Thursday, August 13, 2020

Not Just Logistics Businesses Under Threat from Cyber Crime as INTERPOL Reports

Huge Surge in Every Type of Online Offence During Lockdown
Shipping News Feature

WORLDWIDE – This month INTERPOL has released a report with regard to patterns of cyber-crime, the online cancer of the age of internet technology, and its evolution during the current pandemic. And the details should make every business, big or small, whether in logistics or otherwise, sit up and take notice.

The report, which can be downloaded here, reveals the upsurge in incidents at a time half of the world or more was in lockdown. One INTERPOL partner alone reported 907,000 spam messages, 737 incidents related to malware and 48,000 malicious URLs in the four-month period from January to April 2020.

Remote working has apparently exacerbated the problem, criminals taking advantage of increased security vulnerabilities as staff work from home on insufficiently secure equipment. This latest report quantifies results from around the globe using data gathered during April and May. Private partners and INTERPOL operators were joined by the Singapore based INTERPOL Cybercrime Threat Response Unit (CTR) and Cyber Fusion Centre (CFC).

The key points of the report are as follows:

  • Online Scams and Phishing Already a scourge of many, Covid-19 has seen threat actors pick up the pace and revise the usually seen schemes to match the effects of the pandemic. These mean often impersonating Government and health authorities, cyber criminals entice victims into providing their personal data and downloading malicious content. Most respondents had observed a significant use of Covid-19 themes for this type of activity. Logistics provides rich pickings for this type of scam with fraudsters offering to ship quantities of PPE etc.
  • Disruptive Malware (Ransomware and DDoS) Cyber criminals are increasingly using disruptive malware against critical infrastructure and healthcare institutions due to the potential for high impact and financial benefit. This type of attack has the potential to potentially cripple businesses, and the degree of sophistication shows an intelligence possessed by the attackers evidenced by their ability to gauge just how much ransom they can glean from a target. Unfortunately payment does not necessarily make the problem disappear.
  • Data Harvesting Malware
  • The deployment of data harvesting malware such as remote access Trojans, info stealers, spyware and banking Trojans by cyber criminals is also on the rise. Using Covid-19 related information as a lure, threat actors infiltrate systems and attempt to compromise networks, steal data, divert money and build botnets.
  • Malicious Domains Taking advantage of the increased demand for medical supplies and information on Covid-19, there has been a significant increase in cyber criminals registering domain names containing keywords such as ‘Coronavirus’ or ‘Covid’. These fraudulent websites underpin a wide variety of malicious activities including C2 servers, malware deployment and phishing. Domain providers routinely advise INTERPOL of suspicious domain registrations and these increased during lockdown to the tune of 6 to 7 times the normal level.

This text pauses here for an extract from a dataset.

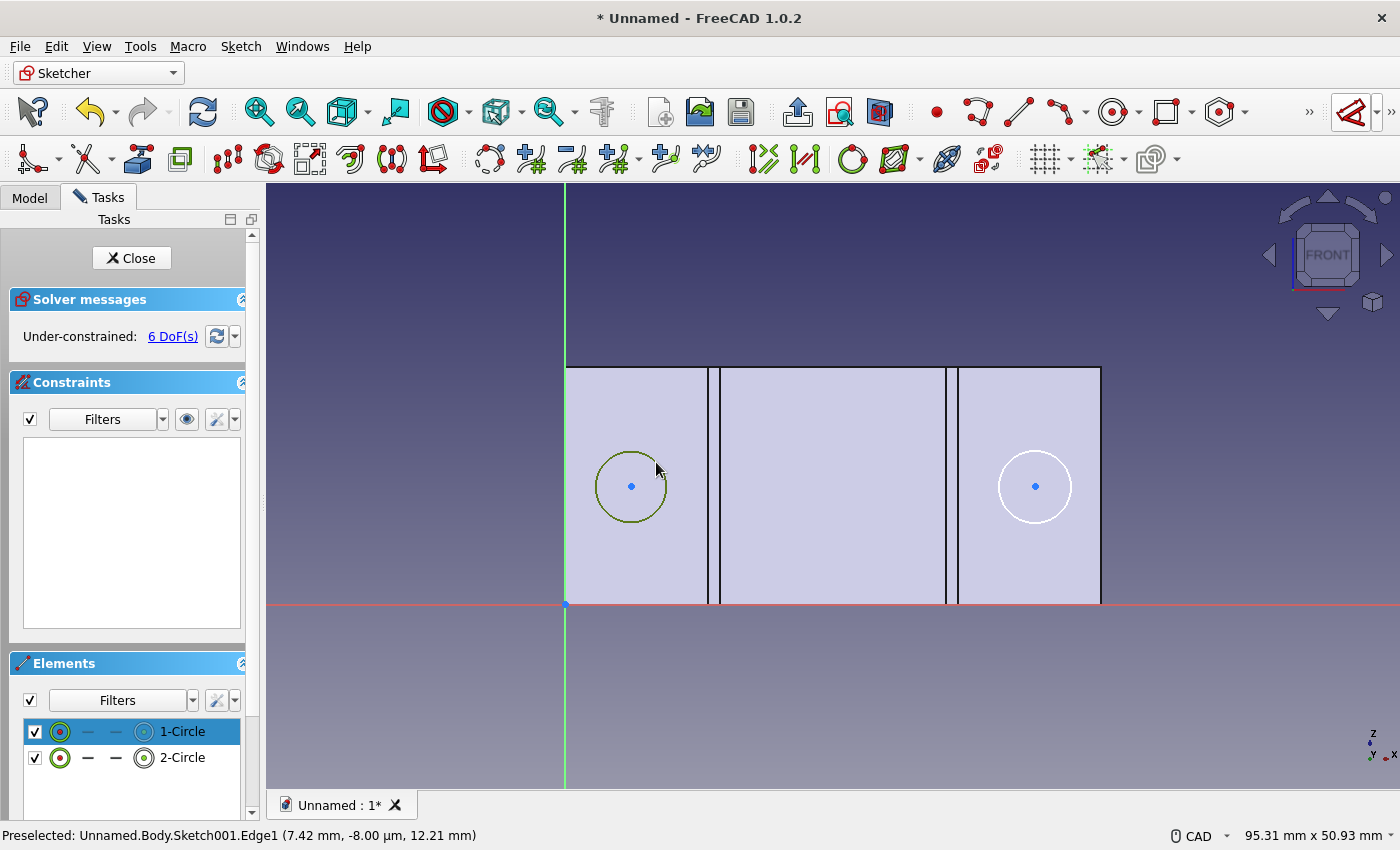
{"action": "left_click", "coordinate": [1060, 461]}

Misinformation is another concern for the authorities, the ability to verify the veracity of news items and comment has be eroded by the speedy transfer of fake news between gullible members of the public or those with an agenda. The damage caused by this type of information is incalculable, not helped when senior political figures issue nonsense statements which people accept as fact (witness the witless remarks from the US and Brazilian leaders).

This type of ‘information’ has the potential to cost thousands of lives, as the search for a vaccine continues so already compromised ‘medical’ figures warn of the dangers of protecting oneself against the virus basing the views on opinion, never evidence.

The INTERPOL report details how criminals are developing and boosting attacks ‘at an alarming pace’ and reveals facts such as ‘Cybercrime-as-a-Service’ is being offered on Darknets to potential purchasers giving them an easy route into blackmail and disruption, and it foresees the problems increasing even post Covid.

What is clear is that all businesses, and indeed individuals must be particularly vigilant at this time against a series of threats which are in fact their own type of technological virus.